Attn: General Counsel
000 X. Xxxxxx Xxxxxxx Xxxx, Xxxxx 000
Xxxxxx, XX 00000
Fax: 000-000-0000
Email: xxxxx@xxxx.xxx with a copy to
xxxxxxxx@xxxx.xxx
Manager: Xxxxxxxxx Xxxxxx Asia Limited
Suites 2007-2020, 20th Floor,
Xxxxxxx Xxxxx, 0 Xxxxxxxxx Xxxxx,
Xxxxxxx, Xxxx Xxxx
Attn: General Counsel
Email: Xxxxx.Xxxxxxxx@xx.xxx
Each party may change its address by giving notice as
herein required.
14. Sole Instrument
This instrument constitutes the sole and only
agreement of the parties to it relating to its object and correctly
sets forth the rights, duties, and obligations of each party to the
other as of its date. Any prior agreements, promises,
negotiations, or representations not expressly set forth in this
Agreement are of no force or effect.
15. Counterparts
This Agreement may be executed in counterparts, each
of which shall be deemed to be an original and all of which,
taken together, shall be deemed to constitute one and the same
instrument.
16. Applicable Law
This Agreement shall be governed by, and the rights of
the parties arising hereunder construed in accordance with, the
laws of the State of Delaware without reference to principles of
conflict of laws. Nothing herein shall be construed to require
either party to do anything in violation of any applicable law or
regulation.
17. Confidential Information
Any information or recommendations supplied by any
party to this Agreement, which are not otherwise in the public
domain or previously known to another party in connection
with the performance of obligations hereunder, including
securities or other assets held or to be acquired by the Fund,
transactions in securities or other assets effected or to be
effected on behalf of the Fund, or financial information or any
other information relating to a party to this Agreement, are to
be regarded as confidential (Confidential Information).

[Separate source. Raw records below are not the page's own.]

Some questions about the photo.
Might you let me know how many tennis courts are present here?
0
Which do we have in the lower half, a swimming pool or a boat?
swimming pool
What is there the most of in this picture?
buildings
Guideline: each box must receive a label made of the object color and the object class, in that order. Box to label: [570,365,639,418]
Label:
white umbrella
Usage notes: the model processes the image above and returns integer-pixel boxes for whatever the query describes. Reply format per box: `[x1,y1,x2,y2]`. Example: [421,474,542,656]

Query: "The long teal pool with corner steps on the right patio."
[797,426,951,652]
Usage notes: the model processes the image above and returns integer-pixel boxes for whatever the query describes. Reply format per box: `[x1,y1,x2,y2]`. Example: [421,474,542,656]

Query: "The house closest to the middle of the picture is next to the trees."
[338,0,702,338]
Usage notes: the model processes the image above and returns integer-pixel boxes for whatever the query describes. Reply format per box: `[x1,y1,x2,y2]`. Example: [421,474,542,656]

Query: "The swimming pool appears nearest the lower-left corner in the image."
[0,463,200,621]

No party may use or disclose to others Confidential
Information about the other party, except solely for the
legitimate business purposes of the Fund, including but not
limited to its affiliates, for which the Confidential Information
was provided and in compliance with TIPs policies on the
disclosure of portfolio holdings, to the extent applicable; as may
be required by applicable law or rule or compelled by judicial or
regulatory authority having competent jurisdiction over the
party; or as specifically agreed to in writing by the other party to
which the Confidential Information pertains. Further, no party
may trade in any securities issued by another party while in
possession of material non-public information about that party.
Lastly, the Manager may not consult with any other money
managers for the Fund about transactions in securities or other
assets of the Fund, except for purposes of complying with the
1940 Act or SEC rules or regulations applicable to the Fund.

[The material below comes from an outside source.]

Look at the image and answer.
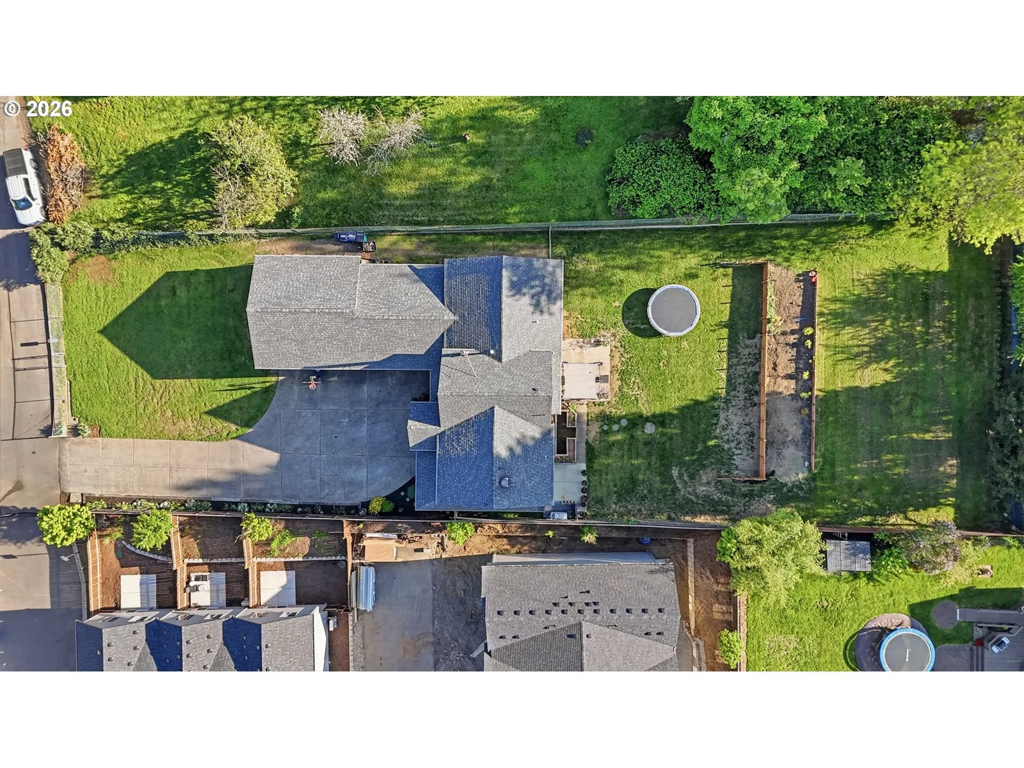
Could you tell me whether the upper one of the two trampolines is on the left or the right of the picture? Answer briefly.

Nothing in this Agreement shall be construed to prevent the
Manager from lawfully giving other entities investment advice
about, or trading on their behalf in, shares issued by the Fund or
securities or other assets held or to be acquired by the Fund.

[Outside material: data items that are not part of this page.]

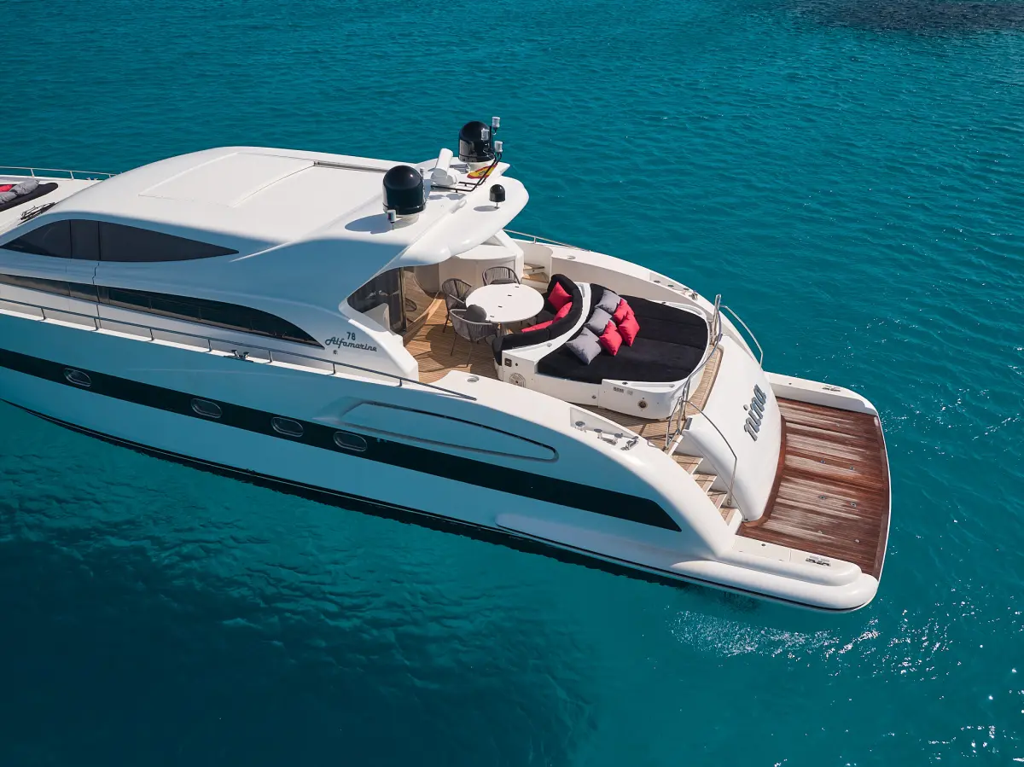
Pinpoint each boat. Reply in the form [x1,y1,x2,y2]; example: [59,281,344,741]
[0,120,891,620]
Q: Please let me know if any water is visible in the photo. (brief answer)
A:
Yes
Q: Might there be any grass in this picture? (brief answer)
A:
No

IN WITNESS WHEREOF, the parties hereto execute this Agreement
on and make it effective on the Effective Date specified in the
first paragraph of this Agreement.
TIFF Investment Program
Xxxxxxxxx Xxxxxx Asia Limited
on behalf of the Fund
By: /s/ Xxxxx X. Xxxxxxxxx By: /s/ Xxxxx
Henchman
Title: Vice President Title:
COO
Schedule I
to the Money Manager Agreement (the Agreement)
dated as of June 13, 2016
between
Xxxxxxxxx Xxxxxx Asia Limited (the Manager) and
TIFF Investment Program for its TIFF Multi-Asset Fund (the Fund)
Fee Calculation
As compensation for the services performed and the facilities
and personnel provided by the Manager pursuant to the
Agreement, the Fund will pay the Manager a fee according to
the following formula:
0.90% per annum on the first $100,000,000 of
Managed Assets;
0.80% per annum on the next $100,000,000 of
Managed Assets;
0.60% per annum thereafter.
The fee shall be prorated for any period that is less than a full
calendar month.
All capitalized terms used but not defined in this Schedule I shall
have the meanings ascribed to them in the Agreement.